Dear reader,
This week I want to dive into a REIT that looks underpriced and pays a good dividend with growth potential. I think its always important to have some of your portfolio In dividend stocks and reinvest this as this will compound and help grow your capital.
The stock is called Regional REIT (RGL).
Regional have an impressive portfolio. All of their buildings are outside of the M25 and located in high growth areas such as Manchester, Birmingham & Glasgow. 150 properties with 1038 tenants shows a strong income and portfolio. What more in Q4 2023 we saw 97.3% of rent payed and compared to the average in 2022 was 95.6%.
Lets first take a look at the share price:
If you were a investor 3 years ago, you would have lost 70% of your value. That’s very high numbers. But reader we are on the hunt for cheap stocks with great value. And like many stocks especially REITS have had an absolute hammering. When looking for a value company we should look at the price to NAV and currently this is at -70.97% discount to NAV.
This year we have the share price fall 39%. Possibly priced in from the fall of their properties valuation where they reported a 5.9 % fall in their assets. The latest NAV that was published shows it at 64.4p
Regional are 99.999% not going to pay their current yield of c.25%. However, for dividend investors, investing in a REIT has it benefits as at least 90% of their net earnings must be paid out to their shareholders as dividends. What can we expect? Well, I would expect a huge drop in the yield and once we know what the company are going to pay (hopefully) then we can make sure this is priced in.
The Debt
This brings me to talk about the main problem at the moment and one topic that is making the forums all the time. The debt that regional has is considerate and requires some investigating.
When there is a drop in NAV (Net Asset Value) this can increase the LTV (loan to value)
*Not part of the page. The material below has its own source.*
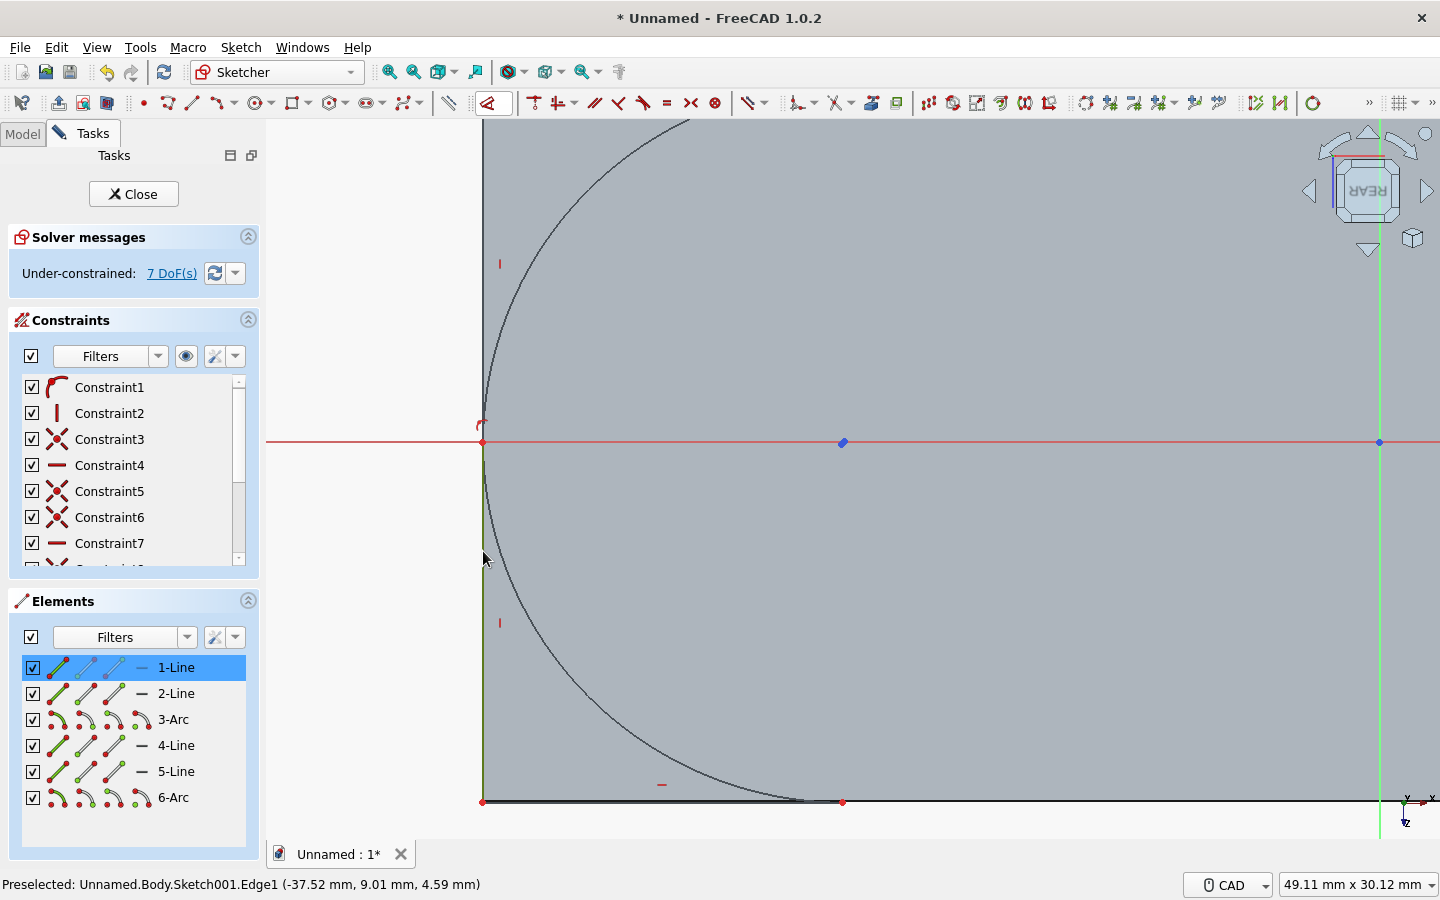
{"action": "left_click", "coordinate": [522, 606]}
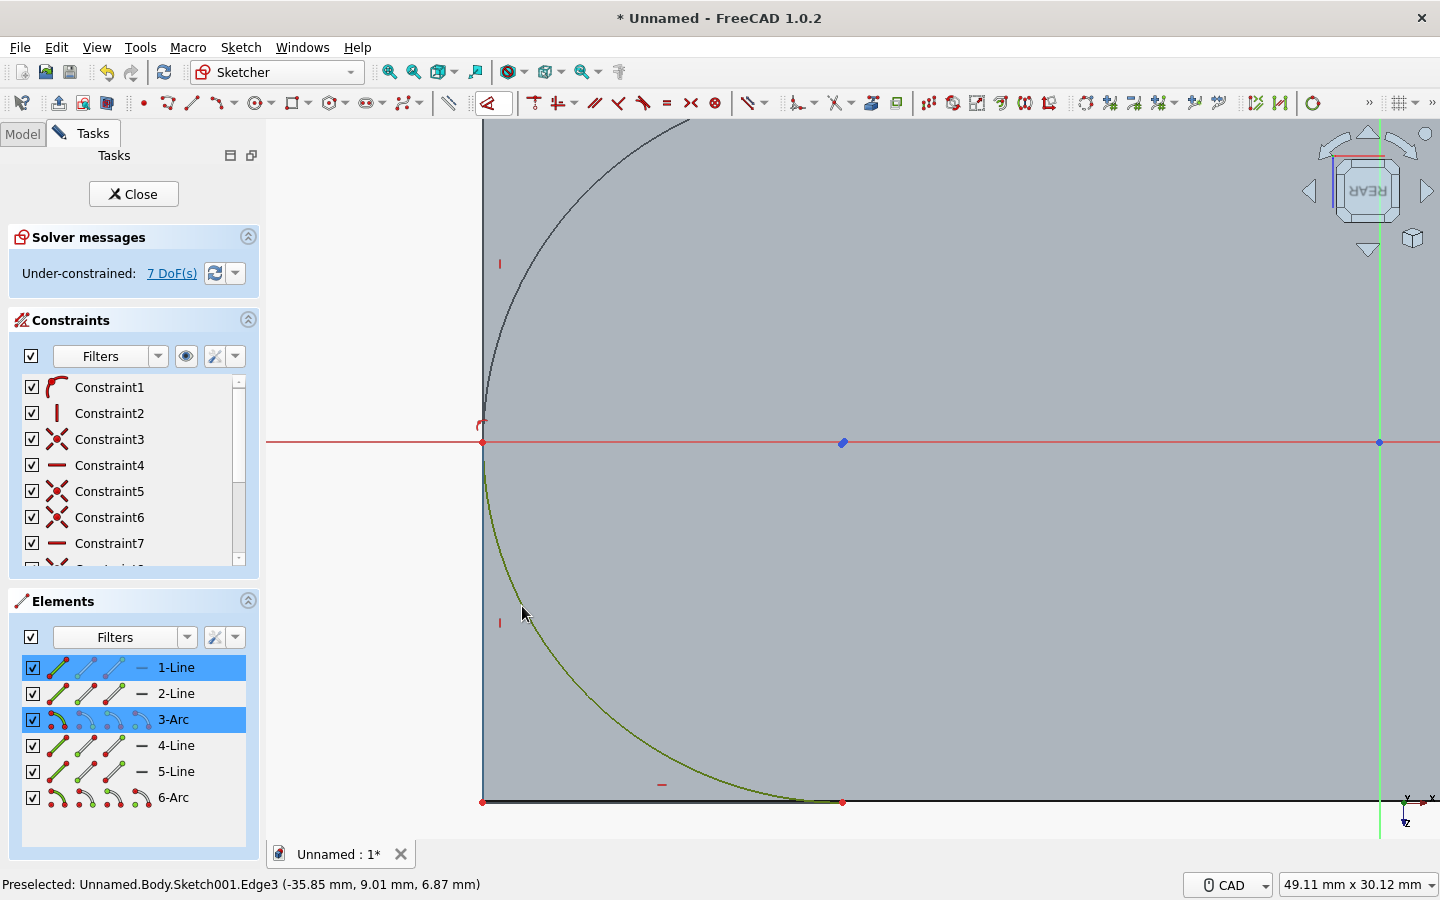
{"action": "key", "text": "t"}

The LTV ratio provides insights into how much debt the REIT has relative to the value of its property portfolio. A lower LTV ratio indicates that the REIT has less debt compared to the value of its assets, suggesting lower financial risk and greater financial stability. On the other hand, a higher LTV ratio indicates higher leverage, which can increase the REIT's financial risk
Regionals LTV is at 55.1% and the company has said their debt is fully hedged. Regional have had to start selling properties to lower their debt and if they can do this successfully then I think we could see a return to a stronger share price. They currently have around c£700m of property on the books.
The group have a £50m retail bond which is due for repayment in August 2024. Therefore, we expect more sales of offices to be coming through.
The Sale
On the 9th November 2023, RGL had completed their sales of some of its offices named Venlaw and Elmbank garden offices for £6.25m. In June 2023 it was valued a lot lower and thus has now shown a uplift of 26.3% of the original valuation.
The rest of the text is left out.